> [Required work]
After locating the line that contains "Numbers: x, y, z, sx, sy, sz, roll, pitch, yaw.", give that line and all the rest through the end of the entries again exactly, leaving the pictures out.
###
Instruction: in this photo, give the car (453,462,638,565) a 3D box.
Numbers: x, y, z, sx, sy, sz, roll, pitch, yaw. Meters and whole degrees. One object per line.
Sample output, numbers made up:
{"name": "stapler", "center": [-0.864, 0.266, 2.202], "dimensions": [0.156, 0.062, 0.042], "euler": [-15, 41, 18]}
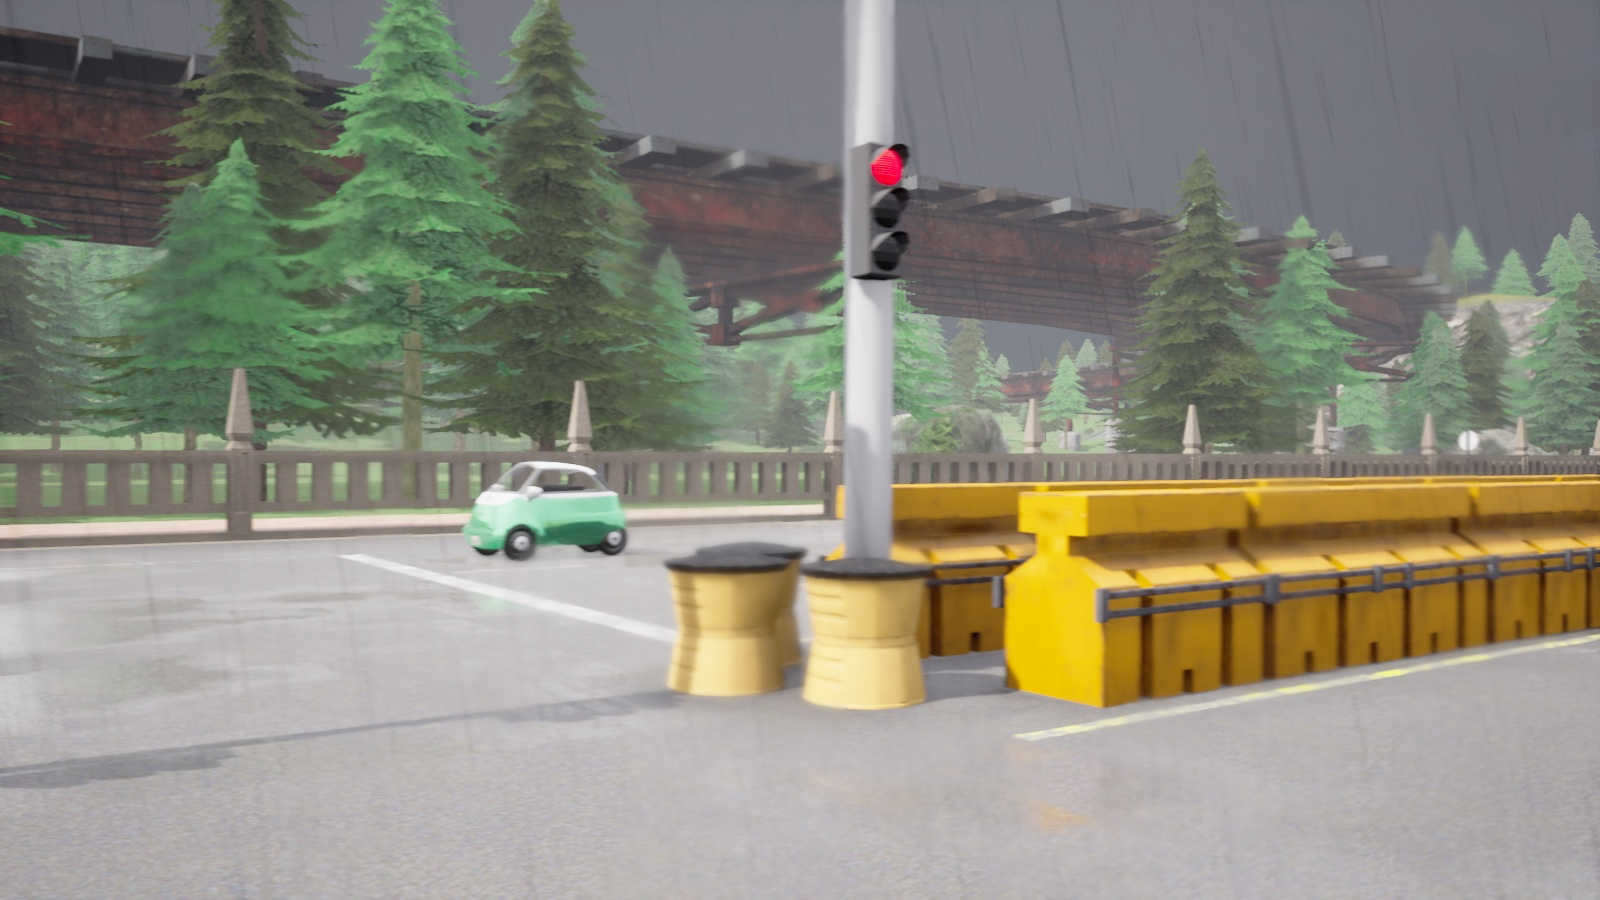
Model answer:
{"name": "car", "center": [-3.678, 0.864, 18.156], "dimensions": [2.207, 1.376, 1.481], "euler": [1, 0, -35]}
###
> [Output]
Numbers: x, y, z, sx, sy, sz, roll, pitch, yaw. Meters and whole degrees. One object per line.
Sample output, numbers made up:
{"name": "stapler", "center": [-0.864, 0.266, 2.202], "dimensions": [0.156, 0.062, 0.042], "euler": [-15, 41, 18]}
Model answer:
{"name": "car", "center": [-3.678, 0.864, 18.156], "dimensions": [2.207, 1.376, 1.481], "euler": [1, 0, -35]}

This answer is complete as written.